/---

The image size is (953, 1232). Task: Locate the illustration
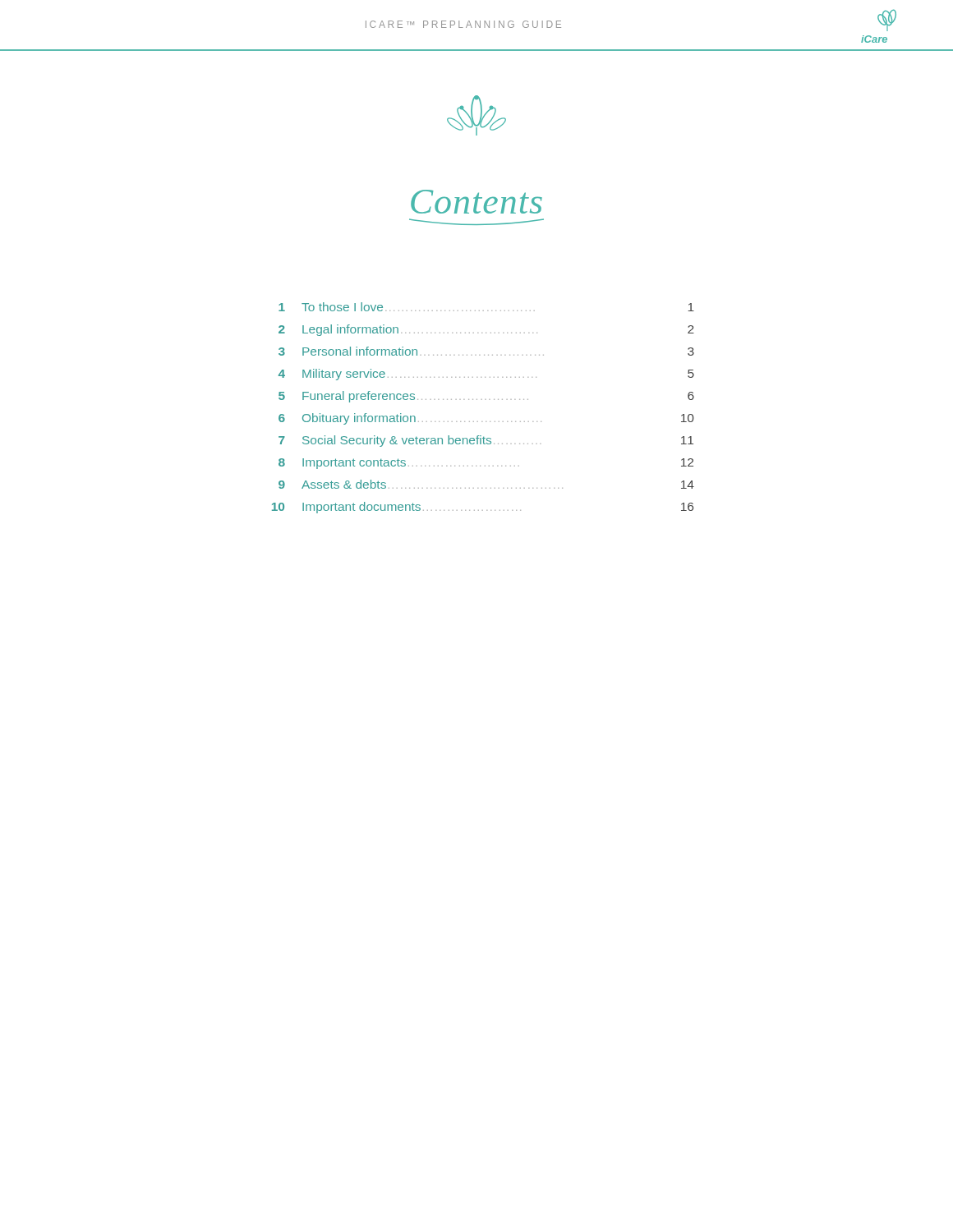click(x=476, y=174)
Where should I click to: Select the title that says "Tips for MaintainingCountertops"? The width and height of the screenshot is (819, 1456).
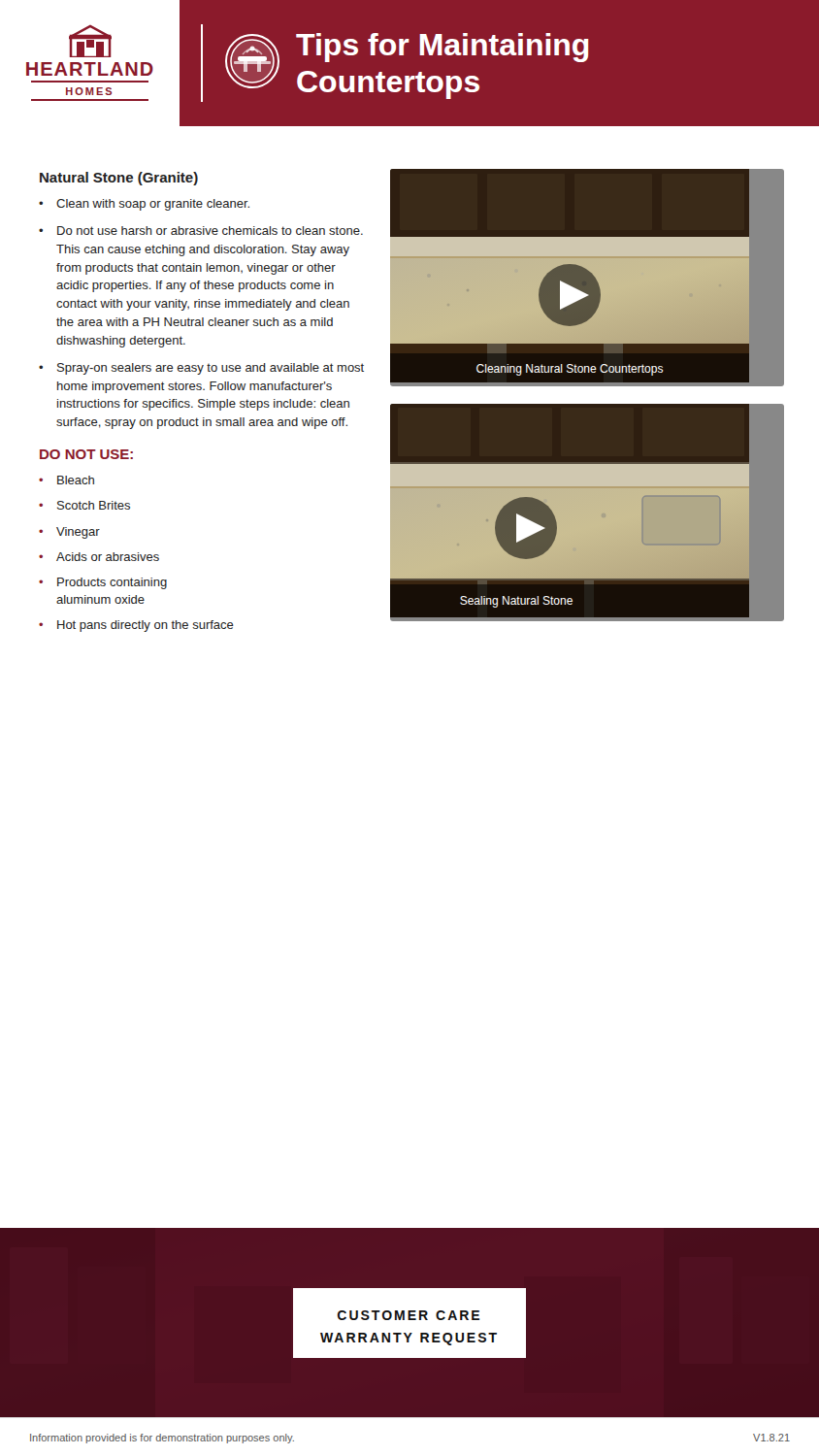443,63

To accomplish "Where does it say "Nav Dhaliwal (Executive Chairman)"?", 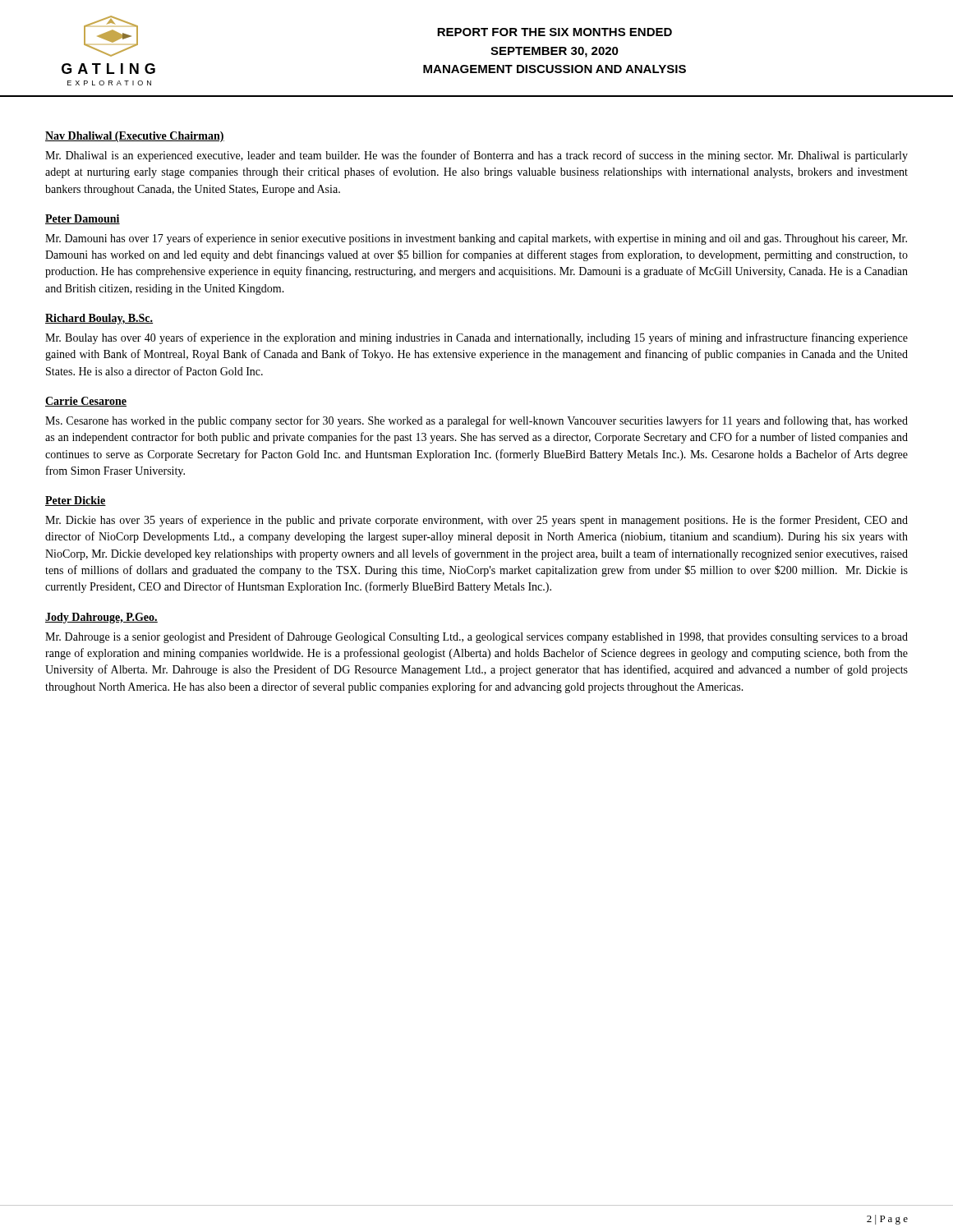I will (x=134, y=136).
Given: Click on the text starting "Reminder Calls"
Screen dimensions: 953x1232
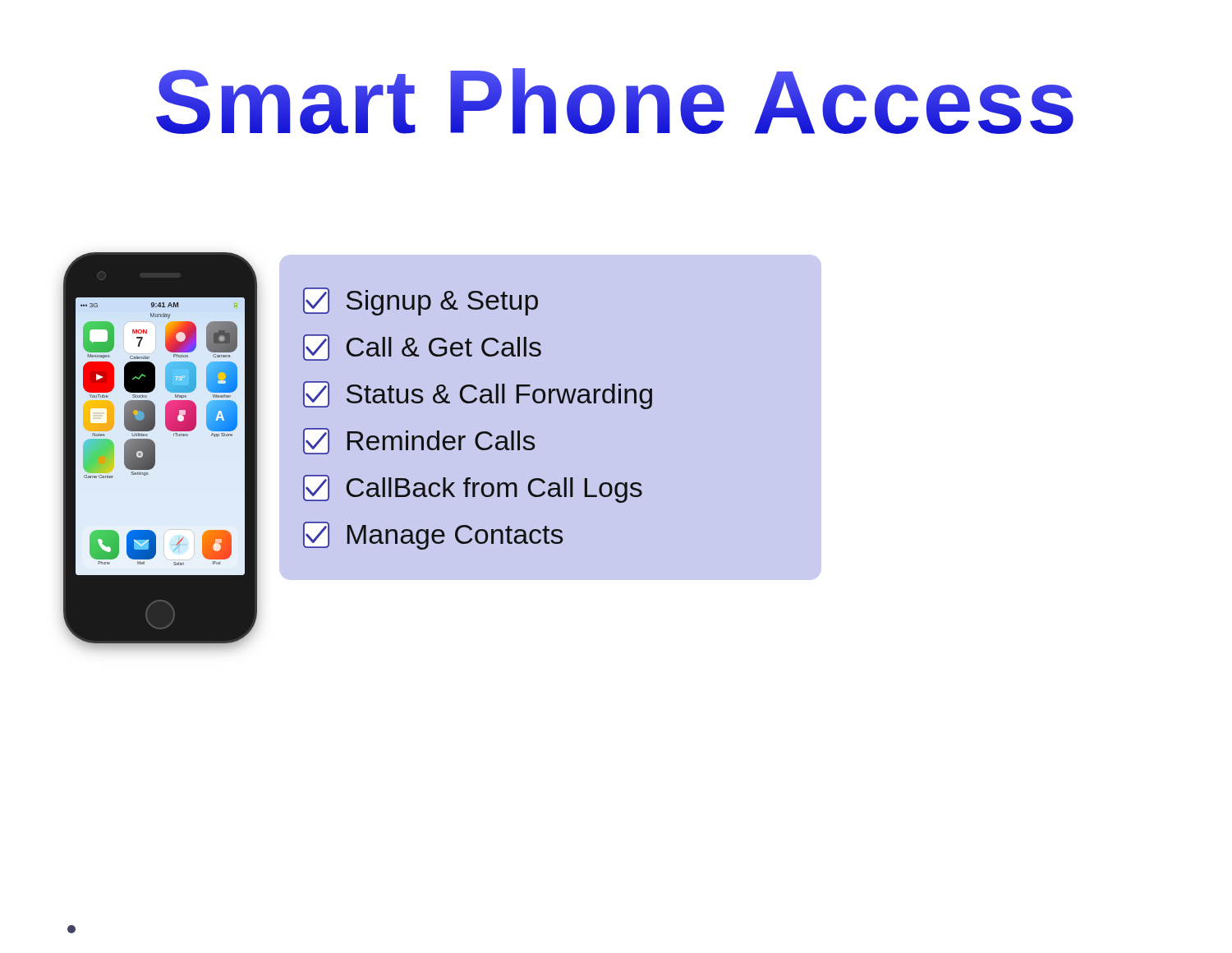Looking at the screenshot, I should 419,440.
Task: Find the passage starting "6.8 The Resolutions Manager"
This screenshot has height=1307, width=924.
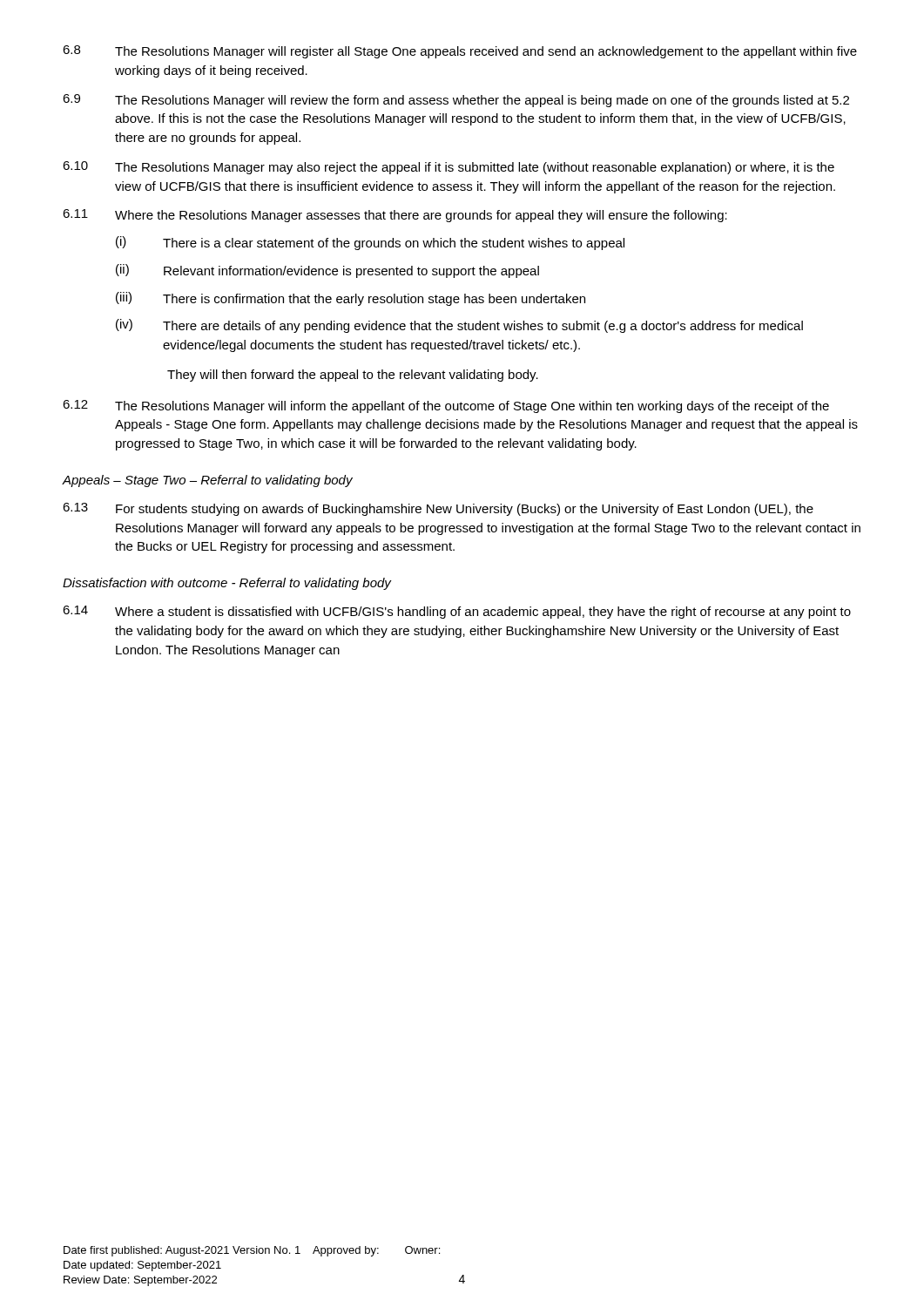Action: click(x=462, y=61)
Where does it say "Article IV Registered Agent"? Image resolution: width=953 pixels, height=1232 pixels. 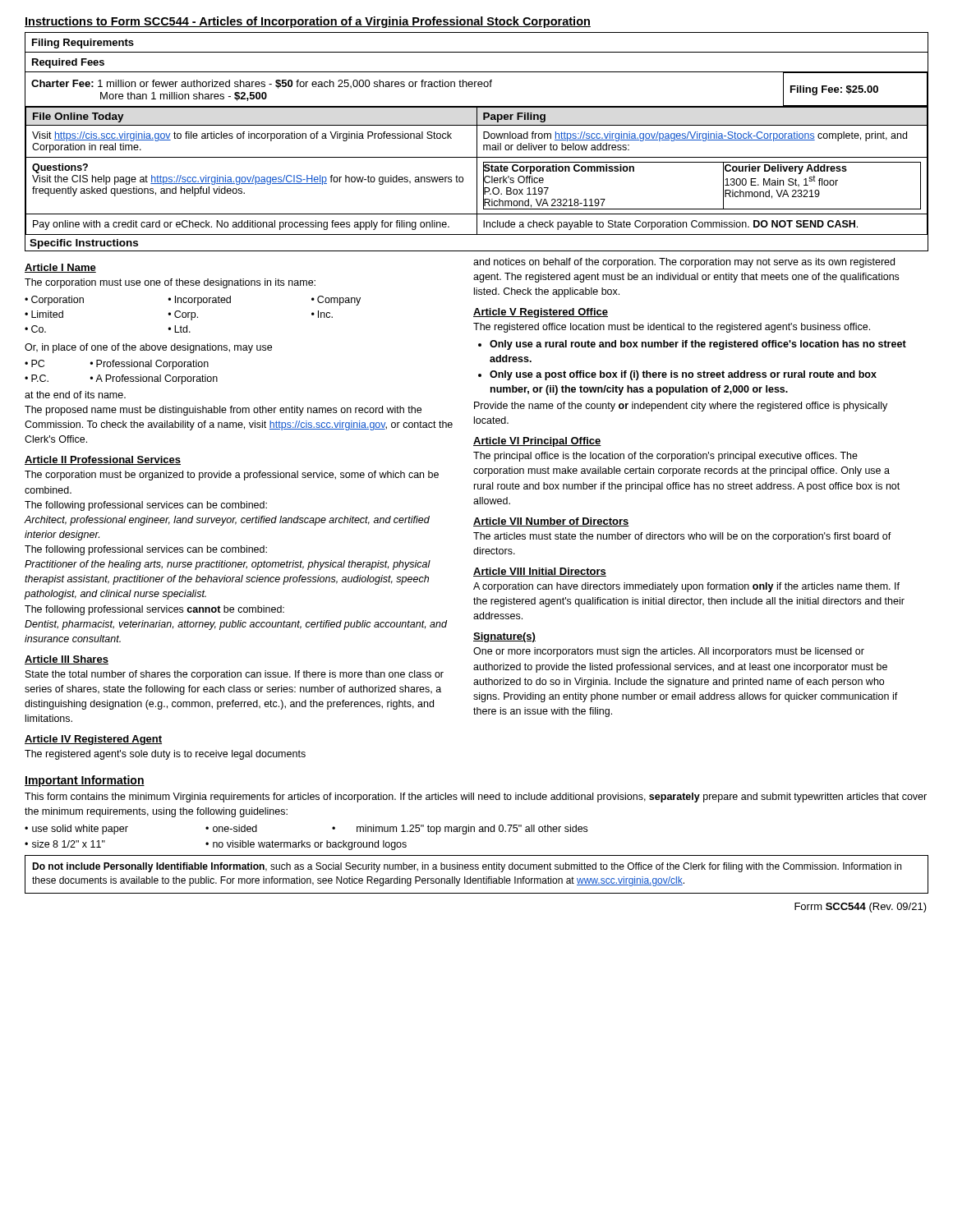point(93,739)

\---

— REQUIREMENT —
Say how many lines contain "starting" in the material above; the number is the whole answer.

— RESPONSE TO THE TASK —
2